A friend of mine who directed engineering projects in the Middle East and Nigeria once explained that dashing was part of the job - the way they do things there, he said.
The way we do things here - and, more to the point, the changes that ought to be made in electoral practices, party funding and ethics in public life - is only beginning to be discussed.
But the discussion will get nowhere if the reaction to those who raise questions is, as it was this week, one of suspicion that partisan or unspecified interests are being served.
Not-so-humble backbenchers like Mary Hanafin seemed convinced that the party's critics, egged on by persons unknown, were up to their necks in a plot to destroy the Government.

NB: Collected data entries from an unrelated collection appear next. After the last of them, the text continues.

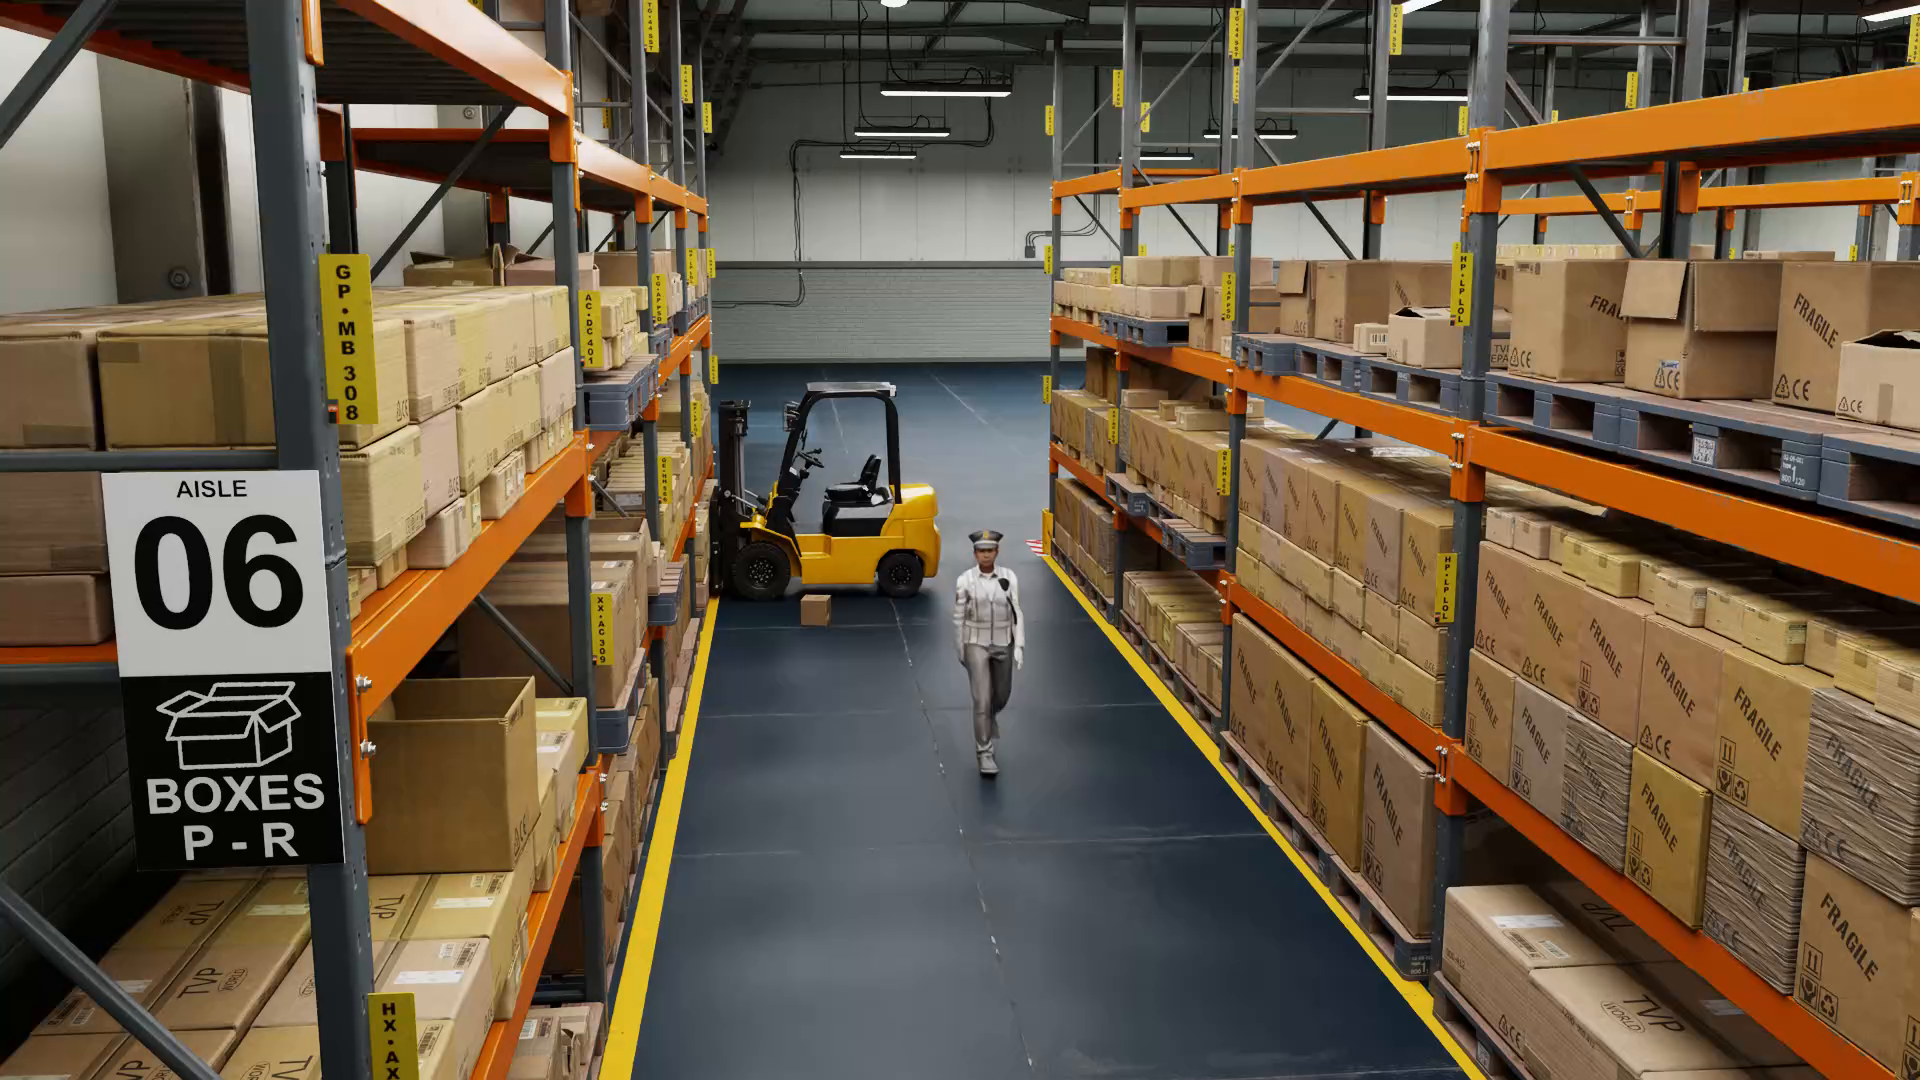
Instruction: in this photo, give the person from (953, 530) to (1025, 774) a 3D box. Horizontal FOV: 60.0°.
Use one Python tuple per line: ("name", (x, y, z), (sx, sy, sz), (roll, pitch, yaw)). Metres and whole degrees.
("person", (0.199, 0.727, 11.689), (0.475, 1.648, 0.913), (-2, 10, -12))
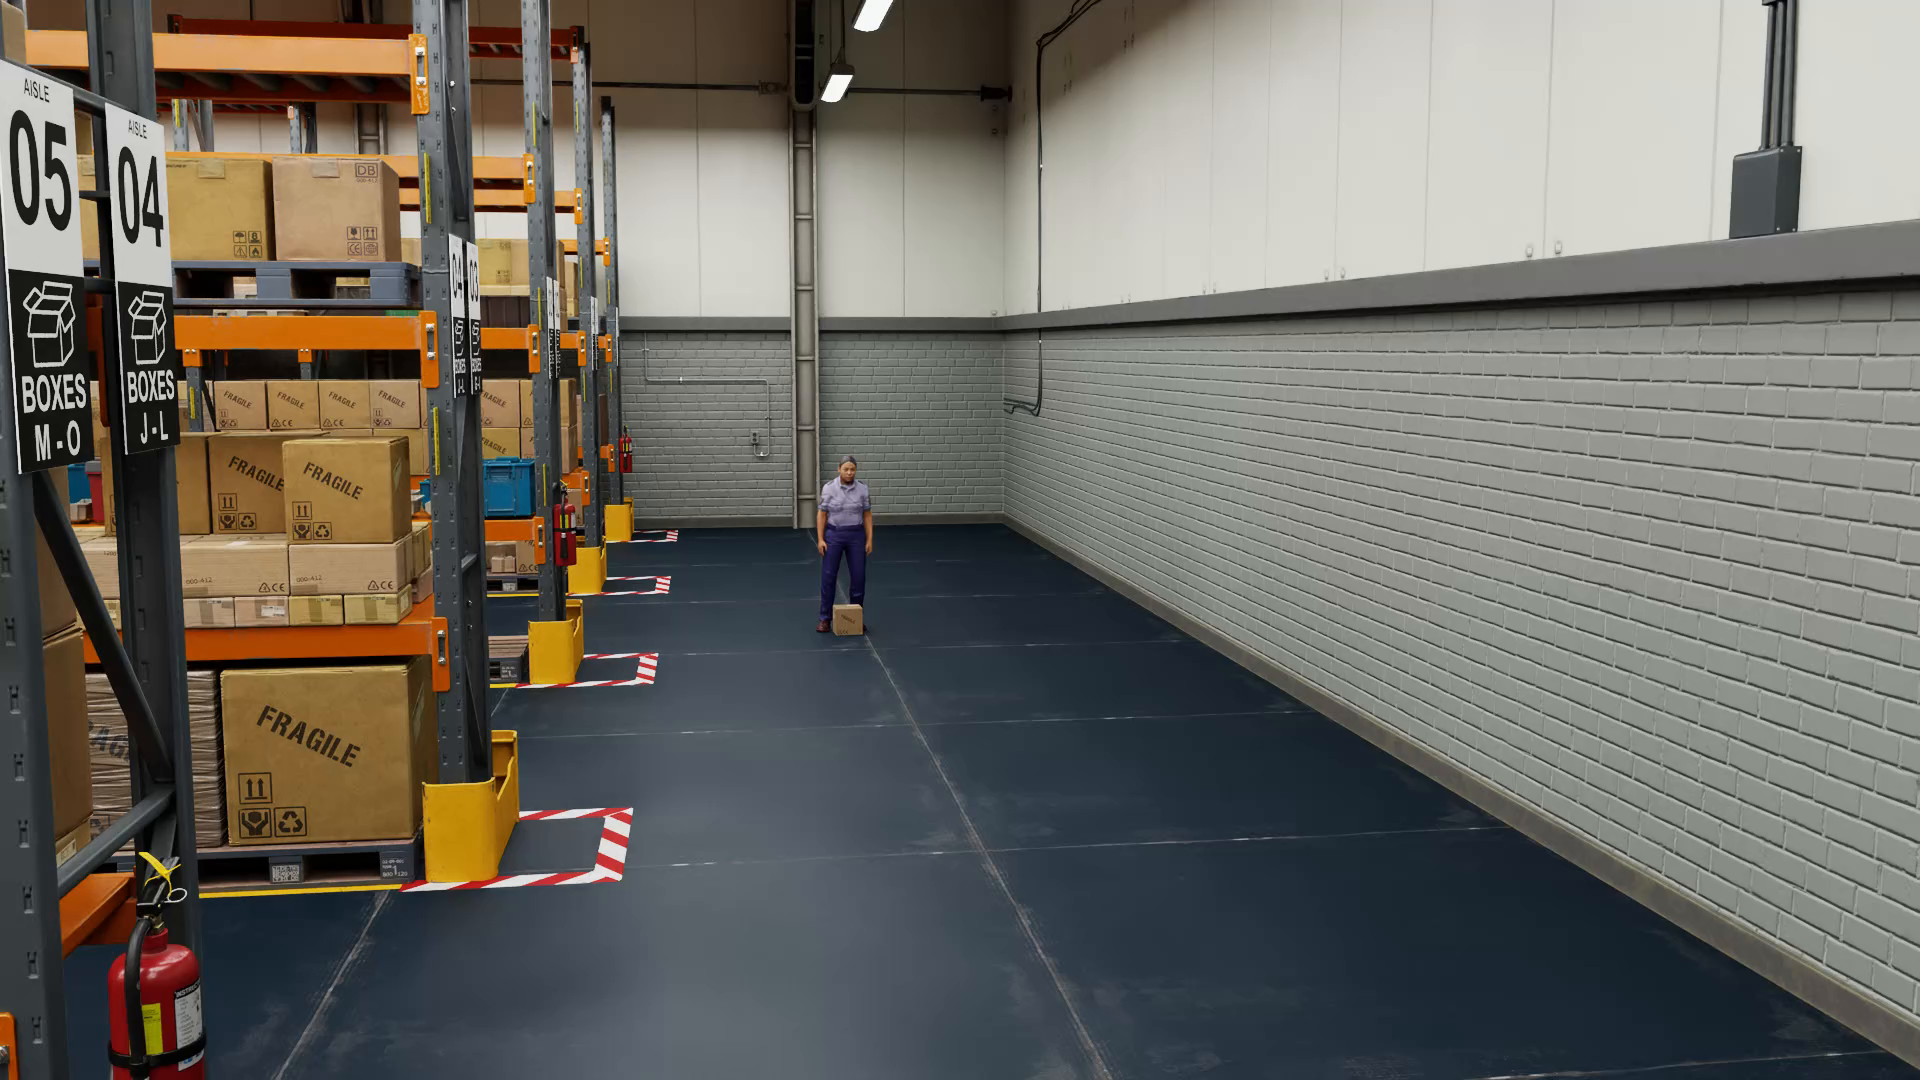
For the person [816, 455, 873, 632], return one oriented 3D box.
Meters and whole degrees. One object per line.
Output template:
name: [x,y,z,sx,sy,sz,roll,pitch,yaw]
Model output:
person: [-1.096,0.023,15.676,0.564,1.652,0.369,-1,7,-12]

It was as if opposition was, by definition, subversive and questioning was inherently dangerous. (Plots are unnecessary when a government is bent on self-destruction.)
Fianna Fail is indeed being criticised by the opposition and by some writers and broadcasters with varying degrees of consistency and enthusiasm.
It would be mighty odd, given the news from Dublin Castle, if questions were not asked about events that gave rise to two tribunals, a dozen other inquiries and numerous disclosures in the media.
And, since most - though not all - of the politicians under investigation were leading members of Fianna Fail, it follows that most of the questions are about the party's handling of its own and the State's affairs.
The most serious threat to the Government comes from within. It's raised by the conduct of senior members of Fianna Fail, past and present, and the worry that the patience of the Progressive Democrats may snap at any time.
Younger deputies find it hard to take. They emerged from the Dail this week repeating Mr Ahern's claim that his was a clean government, cleanly led, and hoping for an end to complaints and criticism.
But Mr Ahern's performance in the Dail bore too many reminders of past performances for comfort - beginning with outright denials, ending in prevarication and confusion.
The young deputies should be reminded that much of the information that has been confirmed by tribunals first saw the light, perhaps in different form, in reports which were denied, dismissed or became the subject of libel threats when they first appeared.
Charlie McCreevy took a more cynical view of the media. He suggested on Monday that Bertie Ahern's trouble was that he was too accessible to journalists - too willing to answer questions.
And later, Mr McCreevy spent the best part of an hour discussing his own career and opinions on RTE radio with Vincent Browne.
Someone on Mr Ahern's staff had anticipated the problem during the 1997 election campaign. The party leader swept from end to end of the State on a wave of goodwill. He shook thousands of hands, hugged hundreds of admirers, smiled and was gone.
He didn't answer questions. At most stops, he wasn't asked any. Those who covered the campaign wrote about the handshakes, the smiles and the speed. People Before Politics was the slogan; politics was a dirty word.
He lost the only serious debate he took part in, but by then it didn't matter. He had the weight of Tony O'Reilly behind him and a mind-numbing fog of show business all around.
The Independent group joined in the defence of Mr Ahern yesterday, with a call for responsibility and the need to avoid the damaging effect of repeated allegations.
There was no mention of the Irish Independent's decision to publish Geraldine Kennedy's report on Thursday.
It's good to know that in Middle Abbey Street we have competitors who are not too blind to recognise a good story - and not too proud to lift it.